They both tell you the time.

One of them might save a nanosecond, but not really worth comparing or caring.

 

TAKE A PHOTO OR VIDEO

ios8-vs-android5_cnn_camera

My Verdict: Meh

For people into photography this might matter most.

For someone like me, pixels and picture quality have not been an issue since the iPhone 3.

With all the increases in mega pixels comes increases in file size, more device storage, more hard drive storage at home or cloud storage, more of a pain to email (either you shrink them or consume more bandwidth in transmission).

My dog Dana is beautiful, but I don’t need to see into the pores on her nose.

 

TYPE

ios8-vs-android5_cnn_keyboard

My Verdict: Android

I love love love the swipe typing on the Google stock keyboard. In fact, the stock keyboard is so good that I ditched all the 3rd party keyboard apps I had from my earlier foray venturing into Android land (Motorola Atrix year ago, just terrible).

At this point I can’t two finger type on a phone because I’m so used to swipe typing.

On Lollipop the experience is even better than it was on Kit Kat: the design is super clean, the keyboard is very usable and accurate.

Oh on my iPad 3 running iOS 8, I got the Swype keyboard. It was clunky, not smooth, and a painful experience. This may be because the iPad 3 is older hardware, but still, doesn’t compare to the fluid swipe experience on Android devices.

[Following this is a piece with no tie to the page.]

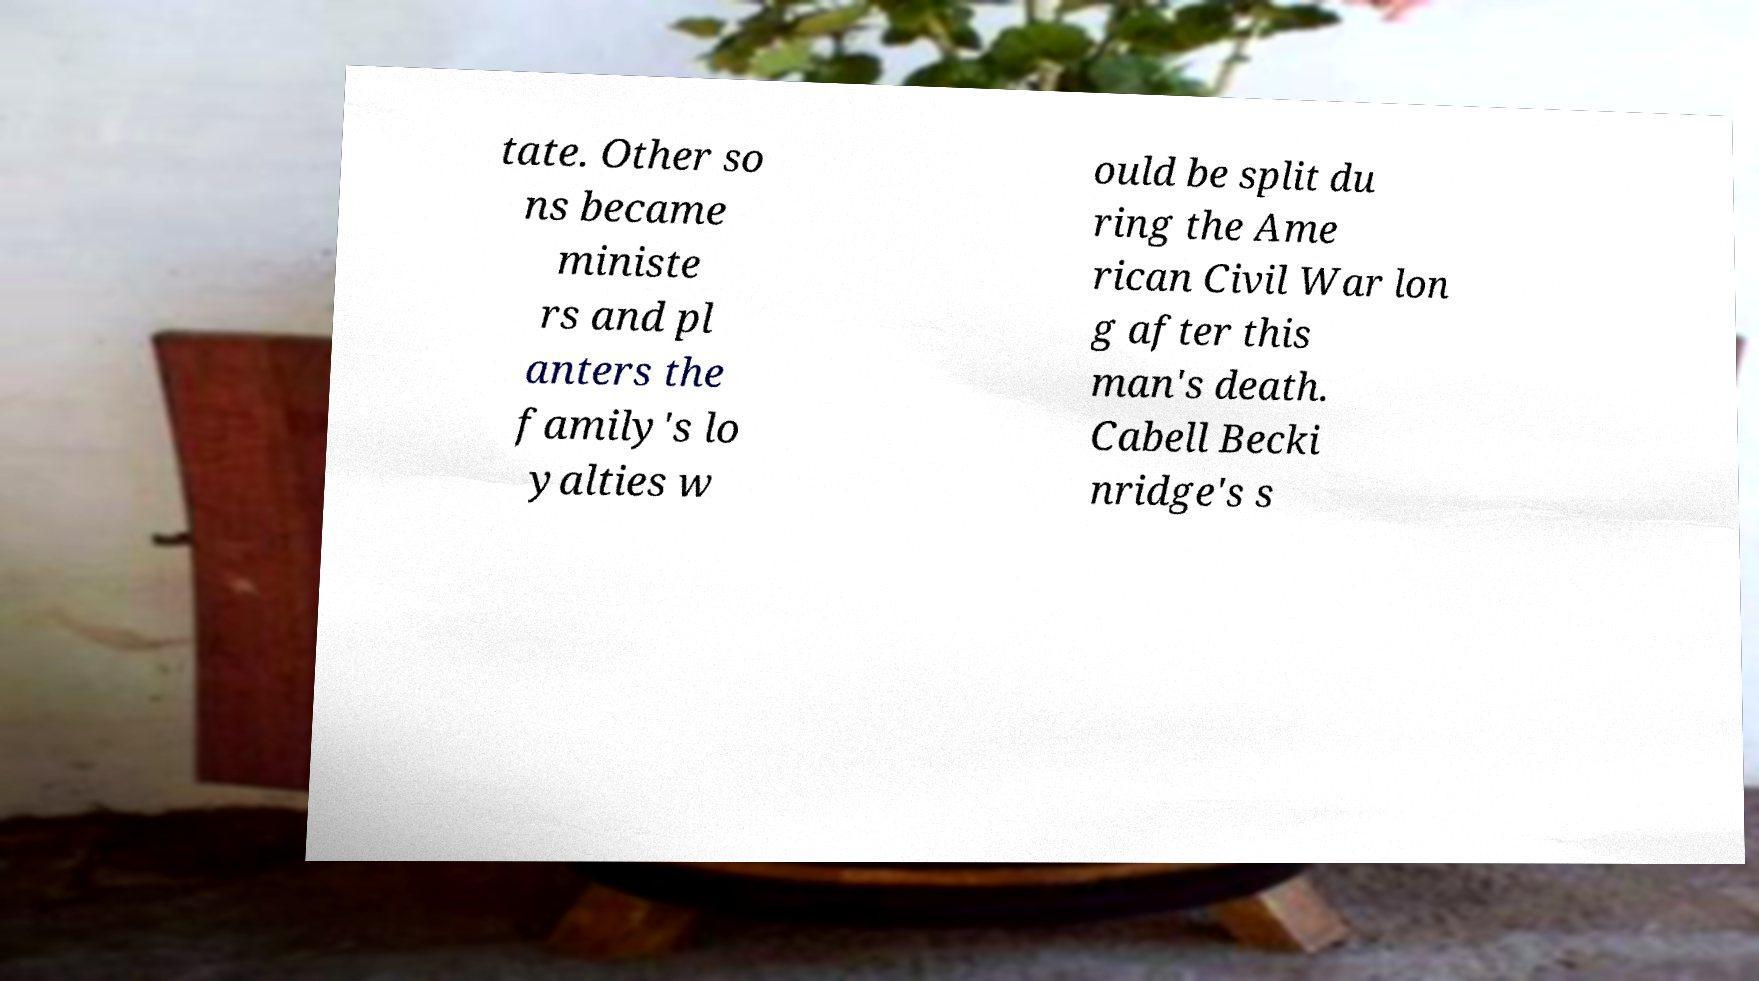I need the written content from this picture converted into text. Can you do that? tate. Other so ns became ministe rs and pl anters the family's lo yalties w ould be split du ring the Ame rican Civil War lon g after this man's death. Cabell Becki nridge's s 
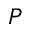Convert formula to latex. <formula><loc_0><loc_0><loc_500><loc_500>P</formula>

ios8-vs-android5_lollipop_email3

 

USE APPS

ios8-vs-android5_cnn_desktop

My Verdict: Android

@CNNMoney that’s just a painfully busy background image you selected.

Here, have a look at my Lollipop desktop  (running the Solo Launcher) and compare it with iOS in the image above.

ios8-vs-android5_lollipop_home2

I like to keep my desktop clean and use only 1 page. That’s my girl Dana as the wallpaper.

The bottom row of icons is the “dock” (similar to on a Mac). I have 2 pages of my dock, which means I can swipe that single row right / left and another 5 icons appear (I’m only using 4 slots, but can add one more to page 2 of the dock).

Top row: Google Maps, Chrome, Calendar, Photo Album, Camera

Bottom Row (my dock page 1): Phone, Contacts, App Drawer, Google Messenger (SMS),  Mail

Bottom Row (my dock page 2, not pictured): Timely (clocks, timer, alarm), Skype, Tapatalk, Evernote

All of the other apps are tucked away in the app drawer. Clean, beautiful, organized.

Not to harp on a played out point: Android’s ability to customize the desktop via 3rd party apps called “Launchers” allows you to pick your own experience. Many of these give you lots of control on look and feel, gestures, and much more. Unfortunately Apple has stayed the course with the same user experience as their first iPhone, which is in part why I got sick of iOS. There are a lot of other reasons. But mostly it’s because they have lacked innovation for years (they would have you believe otherwise).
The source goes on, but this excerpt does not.